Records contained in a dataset
#####
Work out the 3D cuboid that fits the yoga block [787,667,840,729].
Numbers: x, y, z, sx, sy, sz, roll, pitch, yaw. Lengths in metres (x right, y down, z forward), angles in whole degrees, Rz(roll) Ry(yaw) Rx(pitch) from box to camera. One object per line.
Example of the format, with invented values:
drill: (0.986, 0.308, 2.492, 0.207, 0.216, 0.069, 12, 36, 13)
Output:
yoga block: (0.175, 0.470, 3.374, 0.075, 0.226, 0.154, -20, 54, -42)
#####
**Work to complete**
Each line of the records must be reproduced exactly.

**Problem solution**
Work out the 3D cuboid that fits the yoga block [787,667,840,729].
Numbers: x, y, z, sx, sy, sz, roll, pitch, yaw. Lengths in metres (x right, y down, z forward), angles in whole degrees, Rz(roll) Ry(yaw) Rx(pitch) from box to camera. One object per line.
Example of the format, with invented values:
drill: (0.986, 0.308, 2.492, 0.207, 0.216, 0.069, 12, 36, 13)
Output:
yoga block: (0.175, 0.470, 3.374, 0.075, 0.226, 0.154, -20, 54, -42)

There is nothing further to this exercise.